Any character has the header attribute:

js [{ insert: "The", attributes: { header: 1 } }, { insert: " Two Towers" }]

All characters have the header attribute:

js [{ insert: "The Two Towers", attributes: { header: 1 } }, { insert: " Two Towers" }]

Going with Option 1, what if we delete the text "The"? Its header attribute goes with it and suddenly the line is no longer formatted. Also it introduces ambiguity that additional complexity is required to solve. For example what header level would this line be?

[{
    insert: "The", attributes: { header: 1 }
  }, {
    insert: " Two Towers", attributes: { header: 2 }
  }]

Option 2 again has the same problem in different forms. Using the mixed header example from above, option 2 says the line has no header format. But again deleting "The" suddenly formats the line with header: 2.

The core problem of both above solutions can also be seen intuitively: headers do not describe any individual or combination of characters on the line, it describes the line itself. So using anything that does not describe the line itself is likely going to cause problems.

We can go deeper and ask why does the Delta format have this limitation then?

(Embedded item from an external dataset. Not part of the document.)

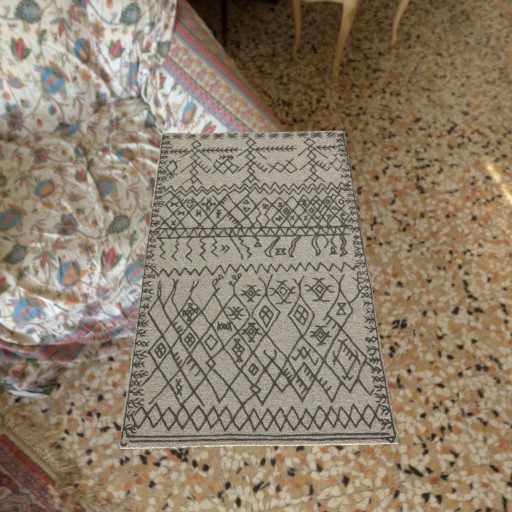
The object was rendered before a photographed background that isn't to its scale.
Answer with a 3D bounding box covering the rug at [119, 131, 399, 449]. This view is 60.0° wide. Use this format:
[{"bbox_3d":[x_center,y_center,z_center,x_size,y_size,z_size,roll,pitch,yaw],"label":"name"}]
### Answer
[{"bbox_3d":[0.000,0.000,4.792,2.393,0.019,3.824,-1,58,-1],"label":"rug"}]

Right now the format is incredibly simple and expressive. Using only characters and attributes, it can describe any document. With just three operations, it can describe any change to any document. Though there are other benefits of adding an additional "line" primitive, it compounds the complexity and will propagate through everything it touches.

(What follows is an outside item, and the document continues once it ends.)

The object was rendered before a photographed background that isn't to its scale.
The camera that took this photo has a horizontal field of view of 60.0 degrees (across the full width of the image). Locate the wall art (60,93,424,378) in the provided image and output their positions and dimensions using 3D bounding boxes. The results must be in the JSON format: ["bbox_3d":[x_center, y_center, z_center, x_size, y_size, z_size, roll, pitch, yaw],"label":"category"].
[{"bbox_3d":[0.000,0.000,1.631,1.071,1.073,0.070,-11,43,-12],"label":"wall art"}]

It's much easier for Quill to just force trailing newlines.

I'll add a note to the getText and getLength docs.

jhchen on 3 Sep 2016

👍1

Thanks for this very helpful explanation!

Regarding the bugs you have seen with "add/remove newline just in time" - Are you referring to adding/removing the newline in the implementations of the public setters/getters for text, content and selection, or something more internal?

cgilboy on 9 Sep 2016

It's both. Users of APIs might not unreasonably assume that formatting something would not change the length, but in fact in a special case it does, which will lead to confusion/bugs. But even with this knowledge, there's always that extra step for those special cases, and even people very familiar with the Quill codebase have produced bugs from forgetting about these cases.

jhchen on 9 Sep 2016

@jhchen Understanding that Quill indeed needs to maintain those trailing newlines for proper data handling, can it not just filter them out in the getText, and getLength methods?

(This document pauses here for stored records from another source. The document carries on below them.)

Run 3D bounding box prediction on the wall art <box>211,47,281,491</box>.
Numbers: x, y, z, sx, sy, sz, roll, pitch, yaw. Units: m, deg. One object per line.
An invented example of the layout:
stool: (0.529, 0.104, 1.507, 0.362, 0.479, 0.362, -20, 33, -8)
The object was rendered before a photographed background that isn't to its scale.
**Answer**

getText seems to just join all the ops together so you could simply tack on .replace(/\n$/, '') to remove that final newline. getLength seems a little trickier as it is coming from Parchment, correct? Perhaps it could just return the length property of the string returned by getText? Or perhaps separate getUserText and getUserLength methods?

I realize my solutions may be a bit naive but it would be nice to have a more accurate representation of the user’s document as opposed to just the one used internally by Quill.

joedynamite on 7 Oct 2016

Those carriage returns are crazy. I am at a loss to understand what role they might have been designed to fulfil one day. I've spent a whole day working on a parser and renderer, fetching with getContents and passing to my server side over JSON. Left unescaped It breaks JSON, you simply get nulls. And of course it will be left unescaped because who would have thought to look for carriage returns? I've been scratching my head as to why the H tags appear to be linked to empty inserts, even though the actual text specified in a previous OP is correctly shown as a H1 or whatever. I am now writing code in my parser and renderer so that it can merge the newlines and their attributes to the text they belong to, which sits before them. But I do not understand why I have to do that. It's crazy, or I am missing something. Are they there for a reason?